Exercise goal: Would you please return the lines of the entries below starting at the line that has "x 0.98 mm</text>" and ending at the line that has "</g></defs>", both included, exactly as they are?

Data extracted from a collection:

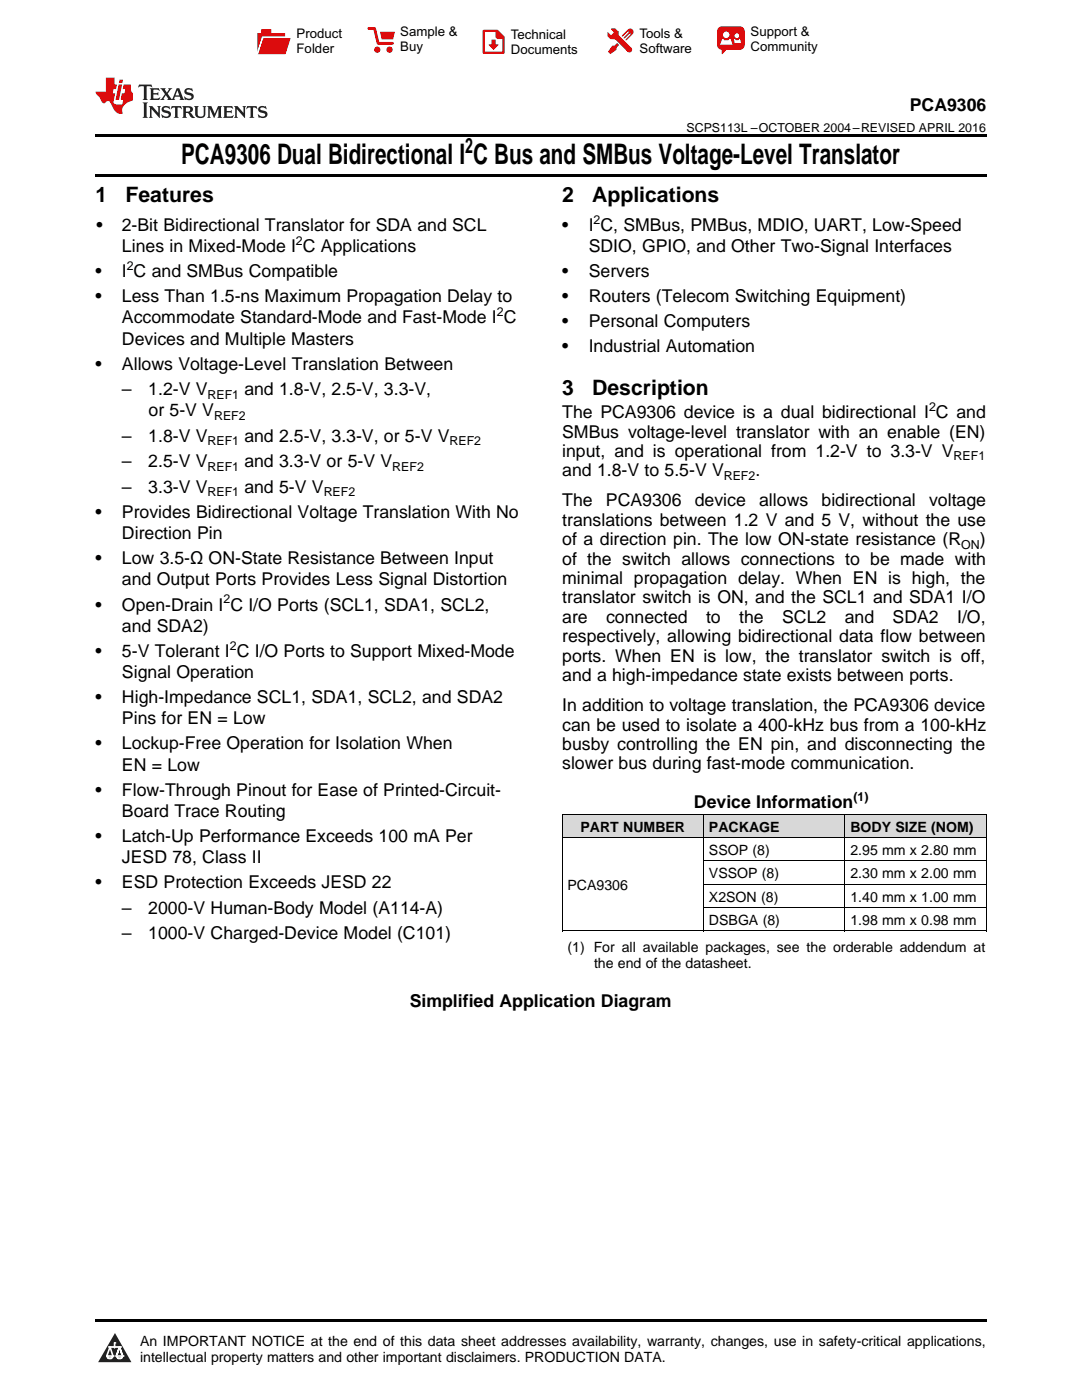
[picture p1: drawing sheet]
<svg xmlns="http://www.w3.org/2000/svg" width="216mm" height="279mm" viewBox="0 0 216 279" stroke-linecap="round" stroke-linejoin="round" font-family="sans-serif">
<defs><g id="words">
<text font-size="5.6" x="36.2" y="32.8">PCA9306 Dual Bidirectional I C Bus and SMBus Voltage-Level Translator</text>
<g font-size="4.2">
<text x="92.8" y="30.6">2</text>
<text x="19" y="40.4">1</text>
<text x="25" y="40.4">Features</text>
<text x="112.2" y="40.4">2</text>
<text x="118.2" y="40.4">Applications</text>
<text x="112.2" y="78.8">3</text>
<text x="118.2" y="78.8">Description</text>
</g>
<g font-size="3.5">
<text x="181.5" y="22.2">PCA9306</text>
<text x="19.2" y="46.1">•</text>
<text x="24.3" y="46.1">2-Bit Bidirectional Translator for SDA and SCL</text>
<text x="112.2" y="46.1">•</text>
<text x="117.5" y="46.1">I C, SMBus, PMBus, MDIO, UART, Low-Speed</text>
<text x="24.3" y="50.3">Lines in Mixed-Mode I C Applications</text>
<text x="117.5" y="50.3">SDIO, GPIO, and Other Two-Signal Interfaces</text>
<text x="19" y="55.3">•</text>
<text x="24.3" y="55.3">I C and SMBus Compatible</text>
<text x="112.2" y="55.3">•</text>
<text x="117.5" y="55.3">Servers</text>
<text x="19" y="60.3">•</text>
<text x="24.3" y="60.3">Less Than 1.5-ns Maximum Propagation Delay to</text>
<text x="24.3" y="64.6">Accommodate Standard-Mode and Fast-Mode I C</text>
<text x="112.2" y="60.3">•</text>
<text x="112.2" y="65.3">•</text>
<text x="117.5" y="60.3">Routers (Telecom Switching Equipment)</text>
<text x="117.5" y="65.3">Personal Computers</text>
<text x="24.3" y="68.8">Devices and Multiple Masters</text>
<text x="112.2" y="70.3">•</text>
<text x="117.5" y="70.3">Industrial Automation</text>
<text x="19" y="73.8">•</text>
<text x="24.3" y="73.8">Allows Voltage-Level Translation Between</text>
<text x="24.3" y="78.9">–</text>
<text x="29.6" y="78.9">1.2-V V</text>
<text x="29.6" y="83.1">or 5-V V</text>
<text x="48.8" y="78.9">and 1.8-V, 2.5-V, 3.3-V,</text>
<text x="112.2" y="83.4">The PCA9306 device is a dual bidirectional I C and</text>
<text x="24.3" y="88.2">–</text>
<text x="29.6" y="88.2">1.8-V V</text>
<text x="48.8" y="88.2">and 2.5-V, 3.3-V, or 5-V V</text>
<text x="112.2" y="87.3">SMBus voltage-level translator with an enable (EN)</text>
<text x="24.3" y="93.3">–</text>
<text x="29.6" y="93.3">2.5-V V</text>
<text x="48.8" y="93.3">and 3.3-V or 5-V V</text>
<text x="112.2" y="91.2">input, and is operational from 1.2-V to 3.3-V V</text>
<text x="112.2" y="95.1">and 1.8-V to 5.5-V V</text>
<text x="150.7" y="95.1">.</text>
<text x="24.3" y="98.4">–</text>
<text x="29.6" y="98.4">3.3-V V</text>
<text x="48.8" y="98.4">and 5-V V</text>
<text x="112.2" y="101">The</text>
<text x="120.9" y="101">PCA9306</text>
<text x="138.6" y="101">device</text>
<text x="151.5" y="101">allows</text>
<text x="163.9" y="101">bidirectional</text>
<text x="185.4" y="101">voltage</text>
<text x="19" y="103.4">•</text>
<text x="24.3" y="103.4">Provides Bidirectional Voltage Translation With No</text>
<text x="24.3" y="107.6">Direction Pin</text>
<text x="112.2" y="104.9">translations between 1.2 V and 5 V, without the use</text>
<text x="19" y="112.6">•</text>
<text x="24.3" y="112.6">Low 3.5-Ω ON-State Resistance Between Input</text>
<text x="112.2" y="108.8">of a direction pin. The low ON-state resistance (R</text>
<text x="112.2" y="112.7">of the switch allows connections to be made with</text>
<text x="195.5" y="108.8">)</text>
<text x="24.3" y="116.8">and Output Ports Provides Less Signal Distortion</text>
<text x="112.2" y="116.6">minimal propagation delay. When EN is high, the</text>
<text x="19" y="121.8">•</text>
<text x="24.3" y="121.8">Open-Drain I C I/O Ports (SCL1, SDA1, SCL2,</text>
<text x="112.2" y="120.4">translator switch is ON, and the SCL1 and SDA1 I/O</text>
<text x="112.2" y="124.3">are</text>
<text x="120.9" y="124.3">connected</text>
<text x="140.9" y="124.3">to</text>
<text x="147.5" y="124.3">the</text>
<text x="156.1" y="124.3">SCL2</text>
<text x="168.6" y="124.3">and</text>
<text x="178.1" y="124.3">SDA2</text>
<text x="191" y="124.3">I/O,</text>
<text x="19" y="131.1">•</text>
<text x="24.3" y="126.1">and SDA2)</text>
<text x="24.3" y="131.1">5-V Tolerant I C I/O Ports to Support Mixed-Mode</text>
<text x="112.2" y="128.2">respectively, allowing bidirectional data flow between</text>
<text x="24.3" y="135.3">Signal Operation</text>
<text x="112.2" y="132.1">ports. When EN is low, the translator switch is off,</text>
<text x="112.2" y="136">and a high-impedance state exists between ports.</text>
<text x="19" y="140.3">•</text>
<text x="24.3" y="140.3">High-Impedance SCL1, SDA1, SCL2, and SDA2</text>
<text x="112.2" y="141.9">In addition to voltage translation, the PCA9306 device</text>
<text x="19" y="149.6">•</text>
<text x="24.3" y="144.6">Pins for EN = Low</text>
<text x="24.3" y="149.6">Lockup-Free Operation for Isolation When</text>
<text x="112.2" y="145.8">can be used to isolate a 400-kHz bus from a 100-kHz</text>
<text x="112.2" y="149.7">busby controlling the EN pin, and disconnecting the</text>
<text x="24.3" y="153.8">EN = Low</text>
<text x="112.2" y="153.6">slower bus during fast-mode communication.</text>
<text x="19" y="158.8">•</text>
<text x="24.3" y="158.8">Flow-Through Pinout for Ease of Printed-Circuit-</text>
<text x="138.5" y="161.3">Device Information</text>
<text x="24.3" y="163.1">Board Trace Routing</text>
<text x="19" y="168.1">•</text>
<text x="24.3" y="168.1">Latch-Up Performance Exceeds 100 mA Per</text>
<text x="24.3" y="172.3">JESD 78, Class II</text>
<text x="19" y="177.3">•</text>
<text x="24.3" y="177.3">ESD Protection Exceeds JESD 22</text>
<text x="24.3" y="182.4">–</text>
<text x="29.6" y="182.4">2000-V Human-Body Model (A114-A)</text>
<text x="24.3" y="187.5">–</text>
<text x="29.6" y="187.5">1000-V Charged-Device Model (C101)</text>
<text x="81.8" y="201">Simplified Application Diagram</text>
</g>
<g font-size="2.8">
<text x="115.8" y="165.9">PART NUMBER</text>
<text x="141.5" y="165.9">PACKAGE</text>
<text x="169.7" y="165.9">BODY SIZE (NOM)</text>
<text x="141.5" y="170.6">SSOP (8)</text>
<text x="169.7" y="170.6">2.95 mm x 2.80 mm</text>
<text x="113.2" y="177.6">PCA9306</text>
<text x="141.5" y="175.3">VSSOP (8)</text>
<text x="141.5" y="179.9">X2SON (8)</text>
<text x="169.7" y="175.3">2.30 mm x 2.00 mm</text>
<text x="169.7" y="179.9">1.40 mm x 1.00 mm</text>
<text x="141.5" y="184.6">DSBGA (8)</text>
<text x="169.7" y="184.6">1.98 mm x 0.98 mm</text>
<text x="113.2" y="190.1">(1) For all available packages, see the orderable addendum at</text>
<text x="118.5" y="193.3">the end of the datasheet.</text>
<text x="27.9" y="268.6">An IMPORTANT NOTICE at the end of this data sheet addresses availability, warranty, changes, use in safety-critical applications,</text>
<text x="27.9" y="271.8">intellectual property matters and other important disclaimers. PRODUCTION DATA.</text>
</g>
<g font-size="2.6">
<text x="59.2" y="7.6">Product</text>
<text x="59.2" y="10.6">Folder</text>
<text x="79.9" y="7.3">Sample &amp;</text>
<text x="79.9" y="10.2">Buy</text>
<text x="101.9" y="7.8">Technical</text>
<text x="101.9" y="10.8">Documents</text>
<text x="127.6" y="7.6">Tools &amp;</text>
<text x="127.6" y="10.6">Software</text>
<text x="149.8" y="7.2">Support &amp;</text>
<text x="149.8" y="10.2">Community</text>
</g>
<g font-size="2.5">
<text x="137" y="26.3">SCPS113L –OCTOBER 2004–REVISED APRIL 2016</text>
<text x="118.4" y="44.7">2</text>
<text x="25.3" y="53.9">2</text>
<text x="59.1" y="48.9">2</text>
<text x="99.1" y="63.1">2</text>
<text x="41.4" y="79.6">REF1</text>
<text x="42.7" y="83.8">REF2</text>
<text x="185.4" y="82">2</text>
<text x="41.4" y="88.9">REF1</text>
<text x="89.7" y="88.9">REF2</text>
<text x="41.4" y="94">REF1</text>
<text x="78.3" y="94">REF2</text>
<text x="144.4" y="95.8">REF2</text>
<text x="190.3" y="91.9">REF1</text>
<text x="41.4" y="99.1">REF1</text>
<text x="64.6" y="99.1">REF2</text>
<text x="191.8" y="109.5">ON</text>
<text x="44.6" y="120.4">2</text>
<text x="45.9" y="129.7">2</text>
<text x="170.3" y="159.9">(1)</text>
</g>
</g></defs>
<g fill="#d8d8d8">
<path d="M112.2 162.6h28.2v4.6h-28.2z"/>
<path d="M140.4 162.6h28.2v4.6h-28.2z"/>
<path d="M168.6 162.6h28.2v4.6h-28.2z"/>
</g>
<path d="M22.9 266l3.3 5.9h-6.6z" fill="#231f20"/>
<path d="M21.3 270.6h1.2l-.3 .5h-.3a.53 .53 0 0 1-.6-.5z" fill-rule="evenodd" fill="#fff"/>
<path d="M21.3 270.6h1.2l-.3 .5h-.3a.53 .53 0 0 1-.6-.5z" fill="none" stroke="#231f20" stroke-width=".33"/>
<path d="M21.3 270.6l1.2 .1-.3 .4h-.5z" fill="none" stroke="#fff" stroke-width=".33"/>
<path d="M22.9 268.9h.1" fill="none" stroke="#fff" stroke-width=".33"/>
<path d="M22.9 268v.9z" fill="#fff"/>
<path d="M22.9 268v.9z" fill="none" stroke="#fff" stroke-width=".33"/>
<circle cx="22.9" cy="268" r=".16" fill="#fff"/>
<path d="M21.8 268.8h.1" fill="none" stroke="#fff" stroke-width=".33"/>
<path d="M21.8 268.8h2.2z" fill="#fff"/>
<path d="M21.8 268.8h2.2z" fill="none" stroke="#fff" stroke-width=".33"/>
<circle cx="24" cy="268.8" r=".16" fill="#fff"/>
<path d="M23.2 270.6h.1" fill="none" stroke="#fff" stroke-width=".33"/>
<path d="M23.8 268.8l-.6 1.8z" fill="#fff"/>
<path d="M23.8 268.8l-.6 1.8z" fill="none" stroke="#fff" stroke-width=".33"/>
<path d="M23.8 268.8l.7 1.8z" fill="#fff"/>
<path d="M23.8 268.8l.7 1.8z" fill="none" stroke="#fff" stroke-width=".33"/>
<path d="M24.4 270.6h.1" fill="none" stroke="#fff" stroke-width=".33"/>
<circle cx="21.3" cy="270.6" r=".16" fill="#fff"/>
<path d="M22 268.8l-.7 1.8z" fill="#fff"/>
<path d="M22 268.8l-.7 1.8z" fill="none" stroke="#fff" stroke-width=".33"/>
<path d="M22 268.8l.5 1.8z" fill="#fff"/>
<path d="M22 268.8l.5 1.8z" fill="none" stroke="#fff" stroke-width=".33"/>
<circle cx="22.5" cy="270.6" r=".16" fill="#fff"/>
<path d="M23.3 270.6h1.2a.63 .63 0 0 1-.6 .5 .63 .63 0 0 1-.6-.5z" fill-rule="evenodd" fill="#fff"/>
<path d="M23.3 270.6h1.2a.63 .63 0 0 1-.6 .5 .63 .63 0 0 1-.6-.5z" fill="none" stroke="#231f20" stroke-width=".33"/>
<path d="M23.3 270.6h1.2l-.4 .5h-.5z" fill="none" stroke="#fff" stroke-width=".33"/>
<path d="M23.2 270.6h.1" fill="none" stroke="#fff" stroke-width=".33"/>
<circle cx="24.5" cy="270.6" r=".16" fill="#fff"/>
<path d="M19 34.8h177.8v.5h-177.8zM19 26.8h177.8v.6h-177.8zM19 263.2h177.8v.5h-177.8z" fill="#000"/>
<path d="M112.2 167.2h84.6M112.2 162.5h84.6M112.2 162.6v23.2M140.4 162.6v23.2M140.4 176.5h56.4M140.4 171.8h56.4M168.6 162.6v23.2M196.8 162.6v23.2M112.2 185.8h84.6M140.4 181.1h56.4" fill="none" stroke="#000" stroke-width=".2"/>
<path d="M27.7 16.9l-.1 .6 .6-.3h.5v.2v2.2l-.2 .4h1l-.2-.4v-2.2v-.2h.5l.6 .3-.2-.6zM29.9 17.6l.2 .4v1.6l-.2 .4h1.9l.1-.6a1.09 1.09 0 0 1-1.3 .1v-.6h.6l.4 .2v-.7l-.2 .2h-.8v-.6l.2-.1a1.01 1.01 0 0 1 1 .3l-.1-.6zM32 17.6l.9 1.2-1 1.2h.9l-.2-.3 .5-.7 .5 .7-.3 .3h1.7l-.2-.3 .1-.4h1l.1 .4-.2 .3h1l-.3-.4-.7-2h-.5l-1 2.2-.8-1.1 .9-1.1h-.9l.2 .2-.4 .7-.4-.7 .2-.2zM35.4 18l.4 1h-.8zM37 17.7a.66 .66 0 0 0-.2 .8 .66 .66 0 0 0 .6 .4l.7 .2 .1 .2a.8 .8 0 0 1-.7 .4 .8 .8 0 0 1-.7-.5l.1 .8 .2-.2a.94 .94 0 0 0 1.1 .1 .94 .94 0 0 0 .4-.9 1.48 1.48 0 0 0-1.3-.6v-.4a1.1 1.1 0 0 1 1.2 .2l-.2-.6-.2 .1-.5-.1zM28.5 20.4l.2 .4v2.3l-.2 .4h1l-.2-.4v-2.3l.2-.4zM29.7 21.2l.2 .4v1.5l-.2 .4h.8l-.3-.4 .1-1.3 1.6 1.8v-2l.2-.4h-.7l.2 .2v1.1l-1.2-1.3zM32.5 21.3a.66 .66 0 0 0-.2 .8 .66 .66 0 0 0 .6 .4l.6 .2 .2 .2a.8 .8 0 0 1-.8 .4 .8 .8 0 0 1-.7-.5l.2 .7 .2-.1a.94 .94 0 0 0 1 .1 .94 .94 0 0 0 .5-1 1.47 1.47 0 0 0-1.3-.6l-.1-.3a1.1 1.1 0 0 1 1.3 .2l-.2-.6-.2 .1-.5-.2zM34.3 21.2l-.2 .6a.64 .64 0 0 1 .8-.3v1.6l-.2 .4h1l-.3-.4 .1-1.6a.66 .66 0 0 1 .8 .3l-.2-.6zM36.3 21.2l.3 .4v1.5l-.3 .4h1l-.2-.2v-.7h.5l.1 .1a.8 .8 0 0 0 1.2 .7l-1-1a.62 .62 0 0 0 .6-.5 .62 .62 0 0 0-.6-.7zM37.1 21.5h.1a.48 .48 0 0 1 .6 0 .48 .48 0 0 1 .1 .6l-.2 .1-.6 .1zM38.7 21.2l.2 .2a2.29 2.29 0 0 0 .4 2 1.05 1.05 0 0 0 1.7-.7v-1.3l.2-.2h-.8l.2 .4v1.1a.61 .61 0 0 1-.6 .6 .61 .61 0 0 1-.6-.6v-1.1l.3-.4zM41.3 21.2l.3 .4v1.5l-.3 .4h.8l-.2-.4v-1.4l.8 1.9 .9-1.9v1.4l-.2 .4h.9l-.2-.4v-1.5l.2-.4h-.8l-.7 1.5-.6-1.5zM44.5 21.2l.2 .4v1.5l-.2 .4h1.9l.2-.6a1.1 1.1 0 0 1-1.4 .2v-.7h.6l.4 .2v-.6l-.2 .1-.8 .1v-.6l.2-.1a1.02 1.02 0 0 1 1.1 .2l-.2-.5zM46.7 21.2l.2 .4v1.5l-.2 .4h.8l-.3-.4 .1-1.3 1.6 1.8v-2l.2-.4h-.7l.2 .2v1.1l-1.2-1.3zM49.3 21.2l-.1 .6a.64 .64 0 0 1 .8-.3v1.6l-.3 .4h1l-.2-.4v-1.6a.66 .66 0 0 1 .8 .3l-.1-.6zM51.7 21.3a.66 .66 0 0 0-.2 .7 .66 .66 0 0 0 .7 .5l.6 .2 .1 .2a.8 .8 0 0 1-.7 .4 .8 .8 0 0 1-.7-.5l.1 .7 .2-.1a.94 .94 0 0 0 1.1 .1 .94 .94 0 0 0 .4-1 1.48 1.48 0 0 0-1.2-.6l-.1-.3a1.1 1.1 0 0 1 1.2 .2l-.2-.6-.1 .1-.6-.2z" fill="#231f20"/>
<path d="M21.1 15.5v2.8h-2v.4l.9 .9a.96 .96 0 0 0 1 1 .59 .59 0 0 1 .5-.4 .59 .59 0 0 1 .5 .3l.4 .8a1.61 1.61 0 0 0 2.1 1.3 1.63 1.63 0 0 1 1.1-2.2l.9-.3v-1.5a1.6 1.6 0 0 1-.4-1.7h-1.4l-.2 .9h.5l-.2 .8h-.5l-.2 1v.3h.5l-.2 .9h-.7a.74 .74 0 0 1-1-.6l.3-1.6h-.5l.2-.8h.5l.1-.9h-.4v-1.4zM23.7 16.9l-.7 3h.8l.6-3zM23.8 15.9l-.1 .7h.7l.2-.7z" fill="#ee1d23"/>
<g fill="#d60000">
<path d="M52.1 5.8h2v.8h2.8v4.2h-5.5v-4.2h.7z" fill-rule="evenodd"/>
<path d="M52.4 7.5h5.6l-1 3.3h-5.6z" fill-rule="evenodd"/>
</g>
<path d="M52.4 7.4h5.7l-.1 .1h-5.5l-1.1 3.3z" fill-rule="evenodd" fill="#fff"/>
<path d="M52.4 7.4h5.7l-.1 .1h-5.5l-1.1 3.3z" fill="none" stroke="#fff" stroke-width=".2"/>
<path d="M73.6 5.7h1.1l.7 2.9h2.9" fill="none" stroke="#d60000" stroke-width=".55"/>
<g fill="#d60000">
<path d="M75.8 6.3h3l-.4 1.6h-2.2z" fill-rule="evenodd"/>
<circle cx="75.3" cy="9.9" r=".62"/>
<circle cx="77.7" cy="9.9" r=".62"/>
</g>
<path d="M96.5 6.2h2.7l1.3 1.2v3.1h-4z" fill="none" stroke="#d60000" stroke-width=".44"/>
<g fill="#d60000">
<path d="M98.1 7.9h.8v1h.5l-.9 1.1-1-1v-.1h.6z" fill-rule="evenodd"/>
<path d="M98.9 6.2h.3l1.3 1.2v.4h-1.3l-.3-.4z" fill-rule="evenodd"/>
<path d="M121.9 5.7h.8l.7 .6 .1 .7 2.5 2.5-.8 .8-2.3-2.3-1.1-.2-.6-.6v-.8l.7 .6 .5-.4v-.2l-.5-.5z" fill-rule="evenodd"/>
<path d="M122.2 9.1h.4l.5-.5 .4 .4-.5 .5v.4l-1.2 .9-.5-.5z" fill-rule="evenodd"/>
<path d="M125.3 5.9a.67 .67 0 0 1 .9 0 .67 .67 0 0 1 0 .9z" fill-rule="evenodd"/>
<path d="M125.3 5.9l.9 .9-1.2 1.2h-.2v-.2l1-.9v-.2h-.2l-.9 1h-.2v-.2l.9-1 .1-.2h-.3l-.9 1h-.2v-.2z" fill-rule="evenodd"/>
<circle cx="125.6" cy="9.9" r=".54"/>
</g>
<path d="M123.3 6.3v.7" fill="none" stroke="#d60000" stroke-width=".2"/>
<g fill="#d60000">
<path d="M143.4 5.5l.6-.2h3.6a.95 .95 0 0 1 1 .9v2.8a.95 .95 0 0 1-1 .9h-3.6a.95 .95 0 0 1-.9-.9v-2.8z" fill-rule="evenodd"/>
<path d="M144 9.9h.9l-.7 .9h-.2z" fill-rule="evenodd"/>
</g>
<g fill="#fff">
<path d="M146.6 8.6h1.3z"/>
<path d="M144.1 7.8h.3l.1 .2h.8l.2-.2h.3l.4 1.1h-2.5z" fill-rule="evenodd"/>
<path d="M146.4 7.8h.3l.1 .2h.5l.2-.2h.2l.2 .8h-1.3z" fill-rule="evenodd"/>
<circle cx="144.9" cy="6.9" r=".65"/>
<circle cx="147" cy="7.1" r=".48"/>
</g>
<use href="#words"/>
</svg>

Solution to the exercise:
<text x="169.7" y="184.6">1.98 mm x 0.98 mm</text>
<text x="113.2" y="190.1">(1) For all available packages, see the orderable addendum at</text>
<text x="118.5" y="193.3">the end of the datasheet.</text>
<text x="27.9" y="268.6">An IMPORTANT NOTICE at the end of this data sheet addresses availability, warranty, changes, use in safety-critical applications,</text>
<text x="27.9" y="271.8">intellectual property matters and other important disclaimers. PRODUCTION DATA.</text>
</g>
<g font-size="2.6">
<text x="59.2" y="7.6">Product</text>
<text x="59.2" y="10.6">Folder</text>
<text x="79.9" y="7.3">Sample &amp;</text>
<text x="79.9" y="10.2">Buy</text>
<text x="101.9" y="7.8">Technical</text>
<text x="101.9" y="10.8">Documents</text>
<text x="127.6" y="7.6">Tools &amp;</text>
<text x="127.6" y="10.6">Software</text>
<text x="149.8" y="7.2">Support &amp;</text>
<text x="149.8" y="10.2">Community</text>
</g>
<g font-size="2.5">
<text x="137" y="26.3">SCPS113L –OCTOBER 2004–REVISED APRIL 2016</text>
<text x="118.4" y="44.7">2</text>
<text x="25.3" y="53.9">2</text>
<text x="59.1" y="48.9">2</text>
<text x="99.1" y="63.1">2</text>
<text x="41.4" y="79.6">REF1</text>
<text x="42.7" y="83.8">REF2</text>
<text x="185.4" y="82">2</text>
<text x="41.4" y="88.9">REF1</text>
<text x="89.7" y="88.9">REF2</text>
<text x="41.4" y="94">REF1</text>
<text x="78.3" y="94">REF2</text>
<text x="144.4" y="95.8">REF2</text>
<text x="190.3" y="91.9">REF1</text>
<text x="41.4" y="99.1">REF1</text>
<text x="64.6" y="99.1">REF2</text>
<text x="191.8" y="109.5">ON</text>
<text x="44.6" y="120.4">2</text>
<text x="45.9" y="129.7">2</text>
<text x="170.3" y="159.9">(1)</text>
</g>
</g></defs>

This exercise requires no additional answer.